30. When confiscated assets are merged into the State budget,
they are of course used for public purposes, but the public cannot
make the link between their public re-use and the criminal origin
of the confiscated assets. The thing that distinguishes social re-use
of confiscated assets from their traditional transfer to the State
budget is the visibility of confiscated criminal assets for the
citizens that benefit from them and for society as a whole.
Note The
importance of this visibility was also stressed by all of the experts
at our hearing in January 2022.
31. This EU study also presents the various institutional approaches
in the member States, identifying three models: a centralised approach
with specialised central institutions, a centralised approach with
non-specialised institutions and a decentralised approach. The study,
co-authored by one of the experts at our hearing, Ms Vettori, recommends
adopting a centralised approach with a specialised institution for
the management of confiscated assets and their social re-use. The
study’s other recommendations to Member States include ensuring
civil society participation, both in the decision-making process
regarding the social re-use of confiscated assets and as beneficiaries
of the assets in question.
2.3 The United Nations Convention against
Corruption and the StAR Initiative
32. The UNCAC introduced a new
framework to facilitate the search, freezing, seizure, confiscation
and return of assets stolen by means of corruption and hidden in
foreign jurisdictions. The confiscation of the proceeds of criminal
activities is regarded as a vital tool in the fight against criminal
organisations.
33. The UNCAC is the most comprehensive instrument for international
co-operation in the recovery of stolen assets. It includes a specific
chapter (Chapter V) on asset recovery, whose aim is to return property
to its legitimate owners, including countries cheated by their own
corrupt leaders. Article 51 of the Convention stipulates that “the
return of assets pursuant to this chapter is a fundamental principle
of this Convention” and Article 57 states explicitly that States
Parties must give priority consideration to “returning such property
to its prior legitimate owners or compensating the victims of the
crime”.
34. Although this convention was regarded as a major step in the
right direction, it still does not make express reference to the
subsequent use of confiscated funds. At no point, in fact, does
it mention the re-use of confiscated criminal assets for social
or community projects.
35. The
UNODC and the World Bank have launched both the Stolen Asset
Recovery Initiative or
StAR Initiative and other measures relating to the confiscation and
recovery of assets. The StAR Initiative supports international efforts
to put an end to tax havens for the proceeds of corruption and offers
platforms for dialogue and co-operation. Accordingly, it facilitates
contacts between the various authorities involved in illegal asset recovery.

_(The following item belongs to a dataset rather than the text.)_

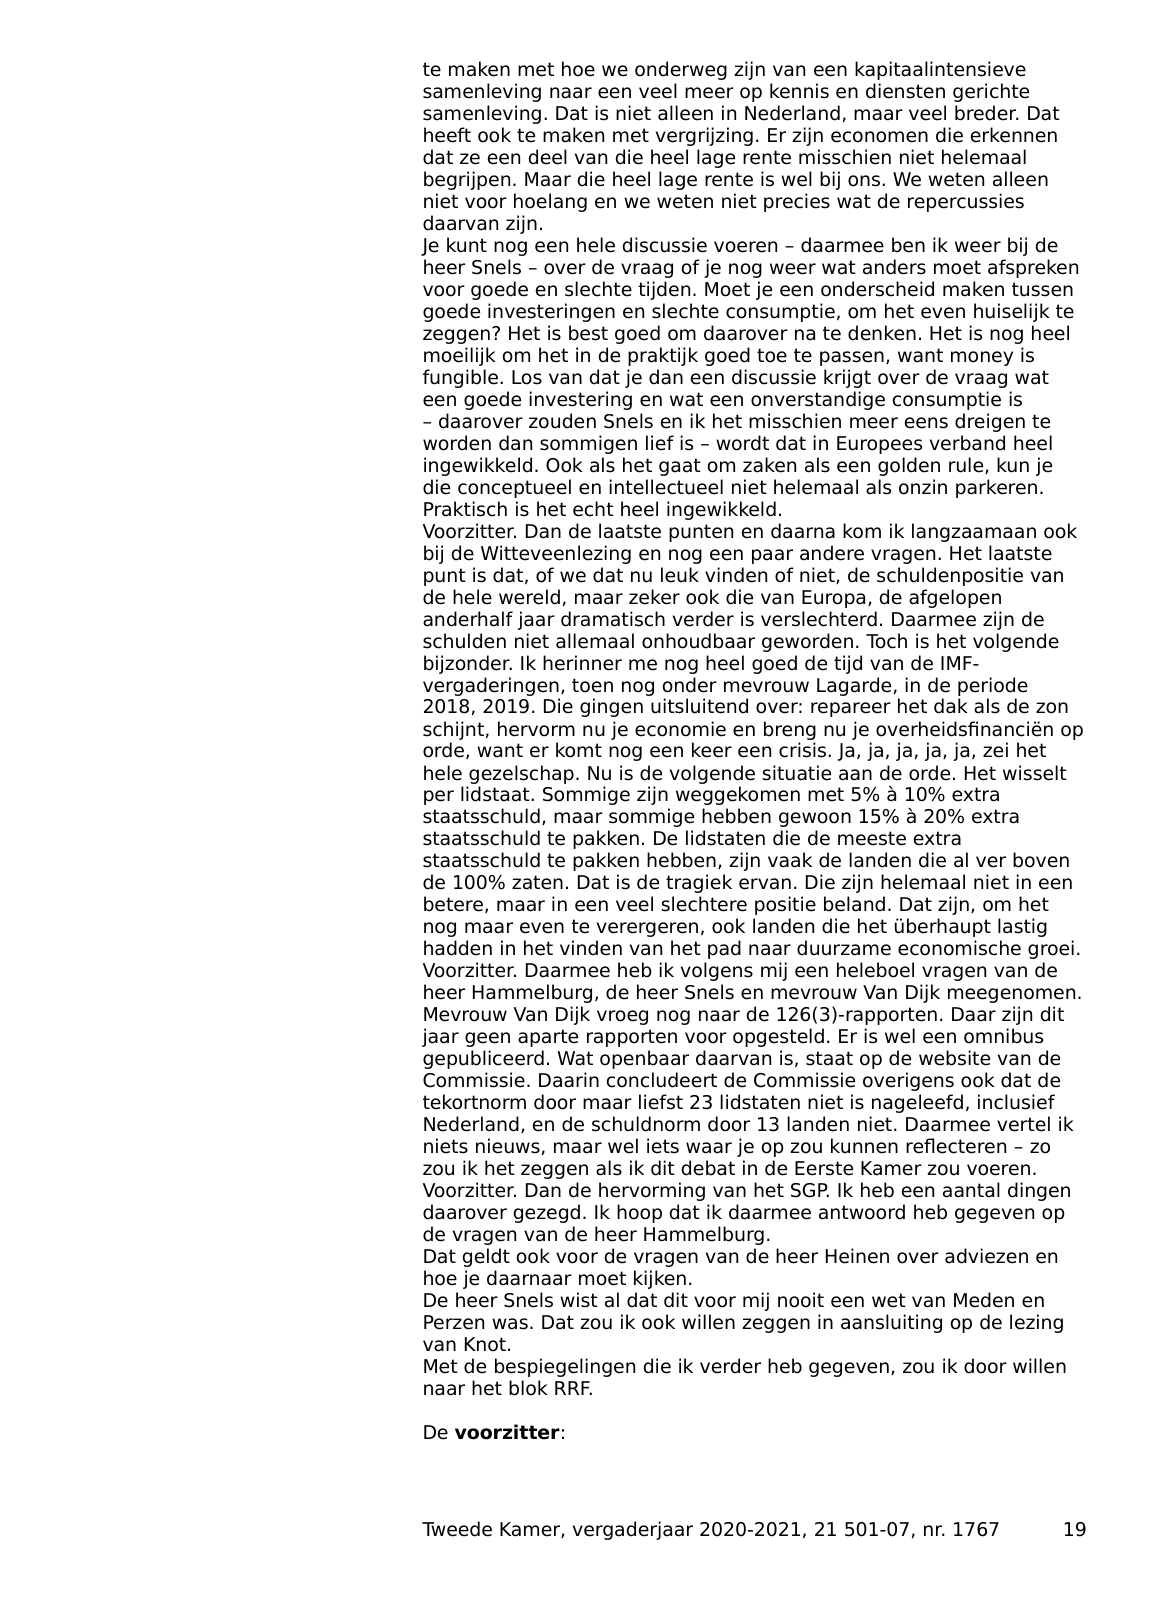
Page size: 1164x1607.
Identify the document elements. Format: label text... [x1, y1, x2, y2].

36. The StAR initiative works with world organisations, particularly
the Conference of States Parties to the UNCAC, the G8, the G20 and
the Financial Action Task Force (FATF), to win over decision makers
and liaise with them.
37. The role of civil society in the process of illegal asset
recovery was discussed in depth at the
GFAR. The principles adopted at this forum follow on from
the work of the UNODC and the appeal launched in the Addis Ababa
Action Agenda (
AAAA) for the international community to devise good practices
in the area of confiscated illegal asset recovery.
38. The GFAR principles not only point to the need for international
co-operation on transfrontier illegal asset recovery,
Note but also
place particular emphasis on transparency and accountability in
the return and disposition of recovered assets.
Note Information on the transfer and administration
of returned assets should be made public and made available to the
companies concerned. To ensure that criminals do not benefit any
further from their ill-gotten gains, it is important to establish
clearly who will be the beneficiaries of the recovery process.
Note
39. Lastly, and very importantly, the GFAR principles talk of
the inclusion of non-government stakeholders. Consequently, “civil
society, non-governmental organizations and community-based organizations
should be encouraged to participate in the asset return process,
including by helping to identify how harm can be remedied”.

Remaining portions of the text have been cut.